A chemistry set is an educational toy allowing the user (typically a teenager) to perform simple chemistry experiments.

==History==

===Forerunners===

The forerunners of the chemistry set were 17th-century books on "natural magick", "which all excellent wise men do admit and embrace, and worship with great applause; neither is there any thing more highly esteemed, or better thought of, by men of learning." Authors, such as Giambattista della Porta, included chemical magic tricks and scientific puzzles along with more serious topics.

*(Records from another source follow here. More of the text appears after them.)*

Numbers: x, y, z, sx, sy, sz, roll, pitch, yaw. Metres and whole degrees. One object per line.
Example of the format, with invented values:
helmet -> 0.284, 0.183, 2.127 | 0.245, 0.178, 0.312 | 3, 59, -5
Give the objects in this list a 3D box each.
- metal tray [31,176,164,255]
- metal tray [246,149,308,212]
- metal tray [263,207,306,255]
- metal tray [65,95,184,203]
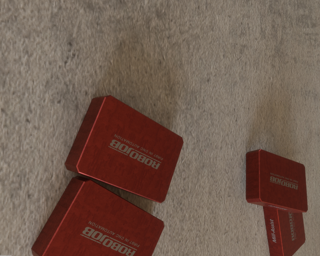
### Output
metal tray -> -0.062, 0.123, 0.351 | 0.130, 0.030, 0.090 | 40, 66, -33
metal tray -> 0.211, 0.098, 0.556 | 0.131, 0.030, 0.090 | 19, 66, -29
metal tray -> 0.247, 0.183, 0.613 | 0.091, 0.030, 0.129 | -19, 102, -39
metal tray -> -0.036, 0.029, 0.373 | 0.131, 0.030, 0.090 | 30, 71, -36
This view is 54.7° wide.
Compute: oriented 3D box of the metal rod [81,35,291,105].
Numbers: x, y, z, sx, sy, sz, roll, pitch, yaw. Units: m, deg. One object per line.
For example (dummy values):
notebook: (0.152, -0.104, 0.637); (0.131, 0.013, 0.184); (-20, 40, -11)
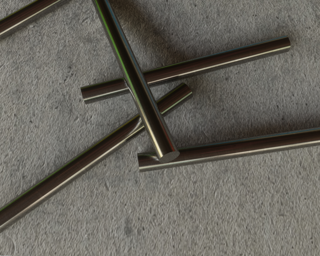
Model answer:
metal rod: (0.040, -0.084, 0.439); (0.302, 0.025, 0.025); (-15, 71, -6)

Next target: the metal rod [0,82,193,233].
metal rod: (-0.082, 0.033, 0.394); (0.301, 0.025, 0.025); (-36, 74, -13)

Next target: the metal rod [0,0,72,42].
metal rod: (-0.173, -0.190, 0.475); (0.301, 0.025, 0.025); (-36, 74, -13)

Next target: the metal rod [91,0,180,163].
metal rod: (-0.044, -0.089, 0.415); (0.025, 0.025, 0.299); (-20, 62, -8)

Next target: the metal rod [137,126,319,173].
metal rod: (0.122, 0.023, 0.401); (0.302, 0.025, 0.025); (-8, 70, -4)

The earliest chemistry sets were developed in the 18th century in England and Germany to teach chemistry to adults. In 1791, Description of a portable chest of chemistry : or, Complete collection of chemical tests for the use of chemists, physicians, mineralogists, metallurgists, scientific artists, manufacturers, farmers, and the cultivators of natural philosophy by Johann Friedrich August Göttling, translated from German, was published in English. Friedrich Accum of London, England, also sold portable chemistry sets and materials to refill them. Primarily used for training druggists and medical students, they could also be carried and used in the field.

Scientific kits also attracted well-educated members of the upper class who enjoyed experimenting and demonstrating their results. James Woodhouse of Philadelphia presented a Young Chemist's Pocket Companion (1797) with an accompanying portable laboratory that specifically targeted ladies and gentlemen. Jane Marcet's books on chemistry helped to popularize chemistry as a well-to-do pastime for both men and women.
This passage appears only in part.